In With The Old

It is a common mistake to ignore history. We all do it, only realising it in later years when what is paraded as the latest thinking starts to look eerily familiar.

Those of us who have been doing media for far longer than we care to recall learnt the basics of how advertising works and how smart creative and media thinking can make it work better from whoever was kind enough to sit us down to explain such things (Norman Berry and Simon Broadbent in my case).

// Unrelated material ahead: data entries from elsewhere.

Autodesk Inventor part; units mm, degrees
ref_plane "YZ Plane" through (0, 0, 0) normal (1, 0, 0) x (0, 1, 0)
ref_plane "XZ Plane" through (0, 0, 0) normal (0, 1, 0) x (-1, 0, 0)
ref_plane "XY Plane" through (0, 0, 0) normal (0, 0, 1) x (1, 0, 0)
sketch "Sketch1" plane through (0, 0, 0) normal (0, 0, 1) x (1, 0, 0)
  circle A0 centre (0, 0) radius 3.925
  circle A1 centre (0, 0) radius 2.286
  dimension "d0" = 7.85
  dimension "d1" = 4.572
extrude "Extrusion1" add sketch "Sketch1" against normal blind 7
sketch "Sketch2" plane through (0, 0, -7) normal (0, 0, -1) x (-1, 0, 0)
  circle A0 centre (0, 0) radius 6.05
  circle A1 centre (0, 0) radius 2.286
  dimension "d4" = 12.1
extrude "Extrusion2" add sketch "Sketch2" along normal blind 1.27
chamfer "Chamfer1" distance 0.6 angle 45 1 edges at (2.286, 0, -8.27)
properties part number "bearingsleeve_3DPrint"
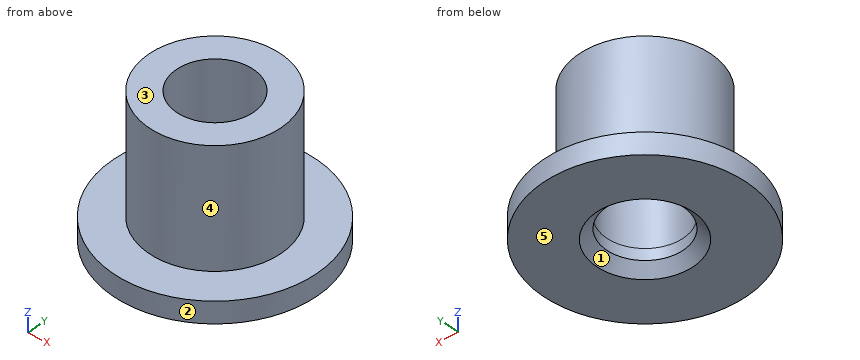
The model under review builds one solid part; all positions refer to its coordinate system, in mm. Face numbers are marked on the shaded views. A direction names the side the tool comes from. Round coordinates to 2 decimals unless told otherwise and drop trailing zeros. Loops run counter-clockwise (first coordinate to the right, second up) from the corner with the lowest first, then second, coordinate; pieces in that order, holes last. Notation, with made-up numbers: (71, 77) -> (122, 77) arc R33 ccw to (122, 106) -> close; hole circle Ø11 at (-2.75, 9.25). An arc over 180 degrees is marked (long way). Return JSON: item names as keys, results as strings.
(1) The part is to be moulded in two halves that separate along X. For the marked faces 1, 2 and 3, say which applies: released by +X, released by -X, zero draft, split by the parting line, or undercut.
Solved:
{"face 1": "undercut", "face 2": "split by the parting line", "face 3": "zero draft"}
(2) For the marked faces 4 and 5, list the 3-axis set-ups (+Z, -Z, +X, -X, +Y, -Y) from which the entire face can be reached by the end or side of a thin tool; tool diameter is ignored.
Solved:
{"face 4": "+Z", "face 5": "-Z, +X, -X, +Y, -Y"}
(3) For pin 1 (1 mm diameter, centred on x = 0, y = 2, fed in from -Z); pin 2 (1.5 mm diameter, centred on x = -1.5, z = -4, fed in from -Y); pin 3 (1 mm diameter, centred on x = -4.5, z = -5.5, fed in from +Y); pin 4 (6 mm diameter, centred on x = 0, y = 0, fed in from -Z), all flat-tipped, find the tip position at first contact; note any pin that passes through.
Solved:
{"pin 1": "z = -7.88", "pin 2": "y = -3.85", "pin 3": "through", "pin 4": "z = -8.27"}
(4) Add section A-A on x = 0. Write out the cut boundary in (y, z) (3 decimals).
Solved:
{"outline": "(-6.05, -8.27) -> (-2.886, -8.27) -> (-2.286, -7.67) -> (-2.286, 0) -> (-3.925, 0) -> (-3.925, -7) -> (-6.05, -7) -> close; (2.286, -7.67) -> (2.886, -8.27) -> (6.05, -8.27) -> (6.05, -7) -> (3.925, -7) -> (3.925, 0) -> (2.286, 0) -> close"}
(5) Add section C-C on z = -5.5. Write out the cut boundary in (x, y) (3 decimals), plus the area to 3 significant figures.
Solved:
{"outline": "circle Ø7.85 at (0, 0); hole circle Ø4.572 at (0, 0)", "area": "32.0 mm2"}
(6) Add section D-D on x = 3.5. Write out the cut boundary in (y, z), plus the area to 3 significant figures.
Solved:
{"outline": "(-4.93, -8.27) -> (4.93, -8.27) -> (4.93, -7) -> (1.78, -7) -> (1.78, 0) -> (-1.78, 0) -> (-1.78, -7) -> (-4.93, -7) -> close", "area": "37.4 mm2"}
(7) For line 1 (Y direction, x = 0, z = -7.5); line 2 (Z direction, x = -1.5, y = -4.75); line 3 (Y direction, x = 0.75, z = -1.25), list the stretches that pass through material, from the lowest coordinate up.
Solved:
{"line 1": "-6.05 to -2.29, 2.29 to 6.05", "line 2": "-8.27 to -7", "line 3": "-3.85 to -2.16, 2.16 to 3.85"}
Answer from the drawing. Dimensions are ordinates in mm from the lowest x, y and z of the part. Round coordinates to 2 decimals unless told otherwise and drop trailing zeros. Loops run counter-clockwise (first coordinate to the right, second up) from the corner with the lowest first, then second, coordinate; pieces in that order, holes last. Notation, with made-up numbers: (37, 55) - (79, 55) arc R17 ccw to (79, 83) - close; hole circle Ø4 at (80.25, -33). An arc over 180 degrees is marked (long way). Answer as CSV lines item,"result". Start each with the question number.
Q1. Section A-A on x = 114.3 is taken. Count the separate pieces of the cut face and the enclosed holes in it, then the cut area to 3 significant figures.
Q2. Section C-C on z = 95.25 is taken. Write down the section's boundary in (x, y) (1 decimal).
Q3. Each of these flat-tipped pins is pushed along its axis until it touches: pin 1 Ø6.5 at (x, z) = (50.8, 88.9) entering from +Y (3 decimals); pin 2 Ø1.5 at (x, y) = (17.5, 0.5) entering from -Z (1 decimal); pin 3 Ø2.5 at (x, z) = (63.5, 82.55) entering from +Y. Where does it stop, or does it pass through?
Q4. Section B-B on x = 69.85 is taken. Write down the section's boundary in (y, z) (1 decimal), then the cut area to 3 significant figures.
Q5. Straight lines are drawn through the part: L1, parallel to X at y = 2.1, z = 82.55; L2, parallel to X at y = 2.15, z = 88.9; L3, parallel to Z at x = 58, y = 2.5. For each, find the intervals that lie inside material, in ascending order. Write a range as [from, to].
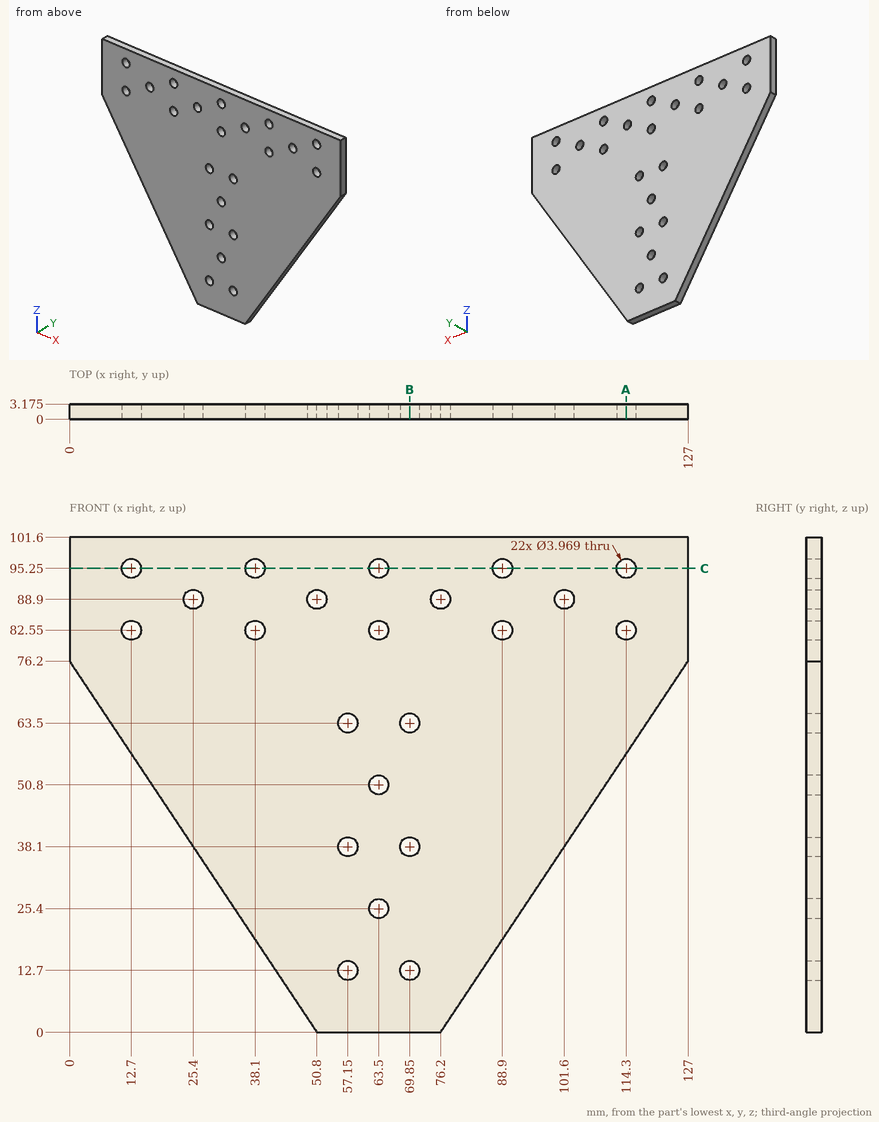
Findings:
1,separate pieces,"3"
1,enclosed holes,"0"
1,area,"116 mm^2"
2,outline,"(0, 0) - (10.7, 0) - (10.7, 3.2) - (0, 3.2) - close; (14.7, 0) - (36.1, 0) - (36.1, 3.2) - (14.7, 3.2) - close; (40.1, 0) - (61.5, 0) - (61.5, 3.2) - (40.1, 3.2) - close; (65.5, 0) - (86.9, 0) - (86.9, 3.2) - (65.5, 3.2) - close; (90.9, 0) - (112.3, 0) - (112.3, 3.2) - (90.9, 3.2) - close; (116.3, 0) - (127, 0) - (127, 3.2) - (116.3, 3.2) - close"
3,pin 1,"stops at y = 3.175"
3,pin 2,"stops at z = 48.8"
3,pin 3,"passes through"
4,outline,"(0, 0) - (3.2, 0) - (3.2, 10.7) - (0, 10.7) - close; (0, 14.7) - (3.2, 14.7) - (3.2, 36.1) - (0, 36.1) - close; (0, 40.1) - (3.2, 40.1) - (3.2, 61.5) - (0, 61.5) - close; (0, 65.5) - (3.2, 65.5) - (3.2, 101.6) - (0, 101.6) - close"
4,area,"285 mm^2"
5,L1,"x = [0, 10.72], [14.68, 36.12], [40.08, 61.52], [65.48, 86.92], [90.88, 112.32], [116.28, 127]"
5,L2,"x = [0, 23.42], [27.38, 48.82], [52.78, 74.22], [78.18, 99.62], [103.58, 127]"
5,L3,"z = [0, 10.91], [14.49, 36.31], [39.89, 61.71], [65.29, 101.6]"
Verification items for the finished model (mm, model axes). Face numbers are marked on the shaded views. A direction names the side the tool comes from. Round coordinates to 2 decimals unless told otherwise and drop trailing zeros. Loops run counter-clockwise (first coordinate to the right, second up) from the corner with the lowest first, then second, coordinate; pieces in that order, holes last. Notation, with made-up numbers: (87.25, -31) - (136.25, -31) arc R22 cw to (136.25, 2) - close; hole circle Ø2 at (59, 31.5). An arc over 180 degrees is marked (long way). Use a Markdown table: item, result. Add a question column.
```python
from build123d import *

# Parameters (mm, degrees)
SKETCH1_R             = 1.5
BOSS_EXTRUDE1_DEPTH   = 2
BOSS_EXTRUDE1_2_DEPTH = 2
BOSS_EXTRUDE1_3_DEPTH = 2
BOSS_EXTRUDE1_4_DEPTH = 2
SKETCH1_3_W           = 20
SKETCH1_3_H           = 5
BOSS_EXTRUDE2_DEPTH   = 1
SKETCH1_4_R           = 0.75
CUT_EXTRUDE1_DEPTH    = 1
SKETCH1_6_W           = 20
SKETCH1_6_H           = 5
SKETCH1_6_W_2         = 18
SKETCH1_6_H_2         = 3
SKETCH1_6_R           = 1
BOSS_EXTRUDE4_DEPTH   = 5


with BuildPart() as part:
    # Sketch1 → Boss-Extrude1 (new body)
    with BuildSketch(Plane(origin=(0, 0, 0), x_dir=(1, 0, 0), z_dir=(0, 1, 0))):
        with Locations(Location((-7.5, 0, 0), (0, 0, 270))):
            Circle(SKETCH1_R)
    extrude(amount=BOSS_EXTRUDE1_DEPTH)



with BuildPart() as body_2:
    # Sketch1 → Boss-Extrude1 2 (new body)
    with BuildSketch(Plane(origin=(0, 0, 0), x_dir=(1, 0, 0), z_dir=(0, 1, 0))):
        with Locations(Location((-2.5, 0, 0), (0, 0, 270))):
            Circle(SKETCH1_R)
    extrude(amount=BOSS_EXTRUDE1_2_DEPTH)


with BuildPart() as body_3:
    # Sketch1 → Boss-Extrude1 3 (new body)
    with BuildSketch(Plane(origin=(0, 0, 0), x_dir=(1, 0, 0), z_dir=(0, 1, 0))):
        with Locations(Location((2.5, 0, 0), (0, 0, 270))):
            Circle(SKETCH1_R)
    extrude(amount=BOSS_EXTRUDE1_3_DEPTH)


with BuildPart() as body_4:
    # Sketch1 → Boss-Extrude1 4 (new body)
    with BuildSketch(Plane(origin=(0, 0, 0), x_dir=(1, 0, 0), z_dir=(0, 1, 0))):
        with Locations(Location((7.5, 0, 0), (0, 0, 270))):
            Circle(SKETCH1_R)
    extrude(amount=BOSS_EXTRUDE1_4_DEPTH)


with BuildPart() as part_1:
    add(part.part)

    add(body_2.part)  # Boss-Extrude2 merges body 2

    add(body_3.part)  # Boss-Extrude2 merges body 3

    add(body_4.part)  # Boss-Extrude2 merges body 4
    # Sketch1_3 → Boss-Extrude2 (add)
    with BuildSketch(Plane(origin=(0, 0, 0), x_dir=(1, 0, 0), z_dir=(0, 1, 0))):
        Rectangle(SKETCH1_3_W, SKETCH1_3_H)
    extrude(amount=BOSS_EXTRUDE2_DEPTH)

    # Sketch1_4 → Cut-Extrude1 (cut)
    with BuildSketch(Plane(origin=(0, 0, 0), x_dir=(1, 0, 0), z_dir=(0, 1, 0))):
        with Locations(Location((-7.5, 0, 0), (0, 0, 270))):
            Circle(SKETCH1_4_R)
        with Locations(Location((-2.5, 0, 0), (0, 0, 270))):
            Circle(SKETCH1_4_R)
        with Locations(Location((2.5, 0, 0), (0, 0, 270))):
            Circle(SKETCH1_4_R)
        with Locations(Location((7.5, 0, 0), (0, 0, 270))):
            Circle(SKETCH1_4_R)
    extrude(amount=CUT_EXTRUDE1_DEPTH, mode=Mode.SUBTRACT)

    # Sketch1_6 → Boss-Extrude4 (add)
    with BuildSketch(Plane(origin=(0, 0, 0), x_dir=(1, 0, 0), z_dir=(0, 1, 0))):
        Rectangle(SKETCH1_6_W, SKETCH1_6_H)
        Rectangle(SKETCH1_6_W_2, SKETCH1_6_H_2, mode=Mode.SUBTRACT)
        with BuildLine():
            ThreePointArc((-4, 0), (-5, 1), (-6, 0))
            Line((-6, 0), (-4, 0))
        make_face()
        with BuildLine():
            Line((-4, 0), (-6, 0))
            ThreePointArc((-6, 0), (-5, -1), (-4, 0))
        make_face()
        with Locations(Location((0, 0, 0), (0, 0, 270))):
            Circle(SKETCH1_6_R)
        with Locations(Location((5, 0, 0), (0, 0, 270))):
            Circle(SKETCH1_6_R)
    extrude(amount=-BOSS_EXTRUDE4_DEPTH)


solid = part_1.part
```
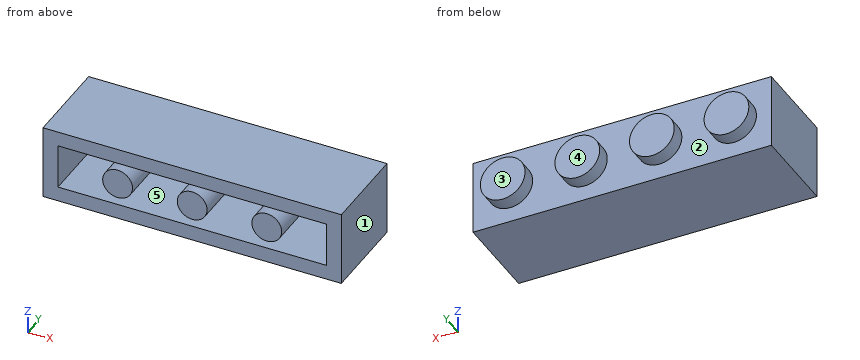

My generation was lucky. Our ignorance of the past was largely hidden, only uncovered by those prepared to trawl through what was then a limited trade press for whatever ill-informed comments we might have made. We could be foolish in relative anonymity.

Today’s leading lights aren’t so lucky. They have the monster of social media to feed, and although it is of course correct to point out that they don’t have to keep on posting that’s a little like telling an alcoholic that he really doesn’t have to have that last drink.

It’s as if the smart thinkers don’t exist even in their own heads unless they keep telling us how smart they are – and that (I can imagine) is a stressful thing to have to keep on doing.

These thoughts were prompted by a couple of posts from that water sprinkler of random thoughts Tom Goodwin from Zenith, although Tom Goodwin from Tom Goodwin Inc might be more accurate.

Here’s what Tom posted:

“It’s really weird that at the age of 39, I feel old in advertising. It’s a terrible thing. Where is the wisdom (I’m now old enough to know I need) to do my job and don’t have around me?”

Then, a few days later:

“It’s weird how much in marketing we talk about tech changes and how little we talk about societal and demographic shifts. Like how old people are far healthier for longer, how many single kid households there are, how old people have all the money now, how long people now live with parents. That sort of stuff gets shouted out by (how) Chatbot or blockchain or voice will kill brands nonsense.”

The second post was responded to by several practitioners, including Danny Donovan from MediaCom who pointed out that this is exactly what planners do. Danny also made the point that Tom’s use of the word ‘we’ is telling.

I agree with Danny. I think implying that ‘we’ don’t take account of such basics in planning suggests a divide between those who grew up in a planning environment pre-online, and those to whom ‘media’ equals online and anything not connected to short-term results is old-hat.

The focus on short-termism and meaningless social media metrics is damaging (Tom regularly calls this out, to his credit) and is related to this. Of course, activities generating short-term responses have a role but any benefit needs to be seen within the context of how advertising works to build brands.

There’s a need for the younger generation of media professionals to recognise that they could learn from the past, as opposed to mocking it.

Maybe someone should establish a series of master-classes run by real-life media legends? A sort-of media version of the Travelling Wilburys. Without the travelling bit. Or the music bit.

Sign up here.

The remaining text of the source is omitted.